Incubator hatches four new companies 

Brand New Brands Inc., the Mill Valley natural-foods incubator founded by industry leaders Will Rosenzweig and Pete Mattson, is due to close its doors soon as its four spin-out companies fly the nest for San Francisco.

"I’ve been approached recently by people with capital asking, why don’t you keep it going," Rosenzweig said. "I think we will definitely do something in the same vein. Now that people know what we’re doing and actually proved that it’s working … we’re talking to some people who would like to fund this."

The four startup firms are looking to move out of their expensive Mill Valley digs and share offices together in San Francisco, where nearly all their employees live, executives said.

Rosenzweig, who founded the Republic of Tea, and Mattson, the chairman of behind-the-scenes Foster City food product development giant Mattson Inc., founded Brand New Brands in 2004 to take advantage of a fact of life in the competitive food-products industry: big food companies typically grow by buying out successful, entrepreneurial startups, such as Coca-Cola’s (KO)’s purchase of Odwalla, where Rosenzweig was once an executive VP. The idea, Rosenzweig said, was to invest in the new science coming out of food-ingredient companies faster than large, established corporations could manage, and then prep the startup firms for sale within three year’s time.

The company also aimed to fast-track the normally slow development of startup food brands, which traditionally begin in the kitchen rather than the lab.

"Big food companies are [concerned about] how to make products healthier, creating the new era of food. Pete and I stared talking about what we could do to bridge this gap. Pete and his firm … they’re just the best there is in food product development. He’s a creative genius in many respects," Rosenzweig said.

Their four spin-out firms, three of which have launched and one that will do so by year’s end, all feature "natural" products. They include Lightfull Foods, the manufacturer of a shelf-stable, yogurt-based smoothie of 90 calories that makes the drinker feel full for two or more hours; Corazonas, a heart-healthy tortilla chip with plant sterols and oats; Attune Foods, makers of a small bar with five times the pro-biotic digestion-aiding bacteria as yogurt and the yet-to-be-released Dreamerz, a milk-based sleep-aid dessert drink. Brand New Brands chose industry leaders to head the firms, from former Balance Bar executive Lara Jackle as CEO of Lightfull to former Niman Ranch Inc. CEO Rob Hurlbut as CEO of Attune. Funding came from Rosenzweig’s Great Spirit Ventures, the Burrill Nutraceutical Group, Unilever Ventures, Prologue Ventures and others, Rosenzweig said.

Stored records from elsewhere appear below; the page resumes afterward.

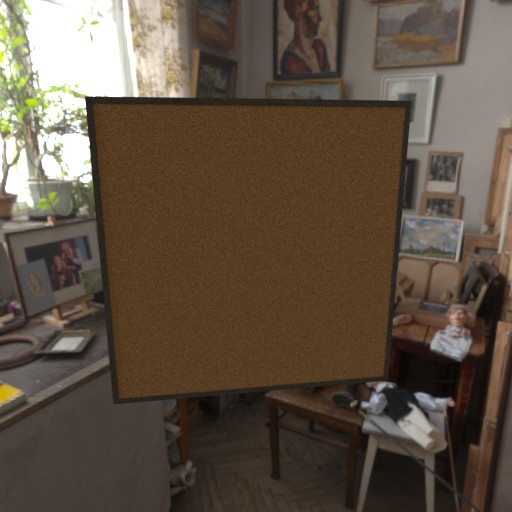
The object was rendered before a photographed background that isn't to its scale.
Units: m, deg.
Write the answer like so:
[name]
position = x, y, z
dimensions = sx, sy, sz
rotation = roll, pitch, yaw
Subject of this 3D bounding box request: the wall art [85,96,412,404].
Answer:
[wall art]
position = 0.000, 0.000, 1.133
dimensions = 0.758, 0.758, 0.039
rotation = -2, 15, -9

All of the four companies’ products qualify as "functional foods," according to industry group Natural Products Association spokeswoman Tracy Taylor. Functional foods were a $26.5 billion business in 2005 and exhibited a 9 percent growth from 2004, according to data from the Nutrition Business Journal.

Lightfull Foods was first out of the gate, with its light-yellow drink boxes hitting Whole Foods Markets, higher-end Safeways, Andronico’s, Wegman’s Food Markets and other stores in February, with Corazonas following soon after. Lightfull’s beverage, developed by Mattson and touted as "satiety smoothies" for their belly-filling qualities, has already sparked a buyout inquiry by one major food company, Rosenzweig said. The brand markets towards women who might not want to be seen carrying a Slimfast shake but still concerned about their calorie intake, with a folksy image of a blonde in shorts and sneakers juggling a clock, a moneybag, a book and a house on the packaging.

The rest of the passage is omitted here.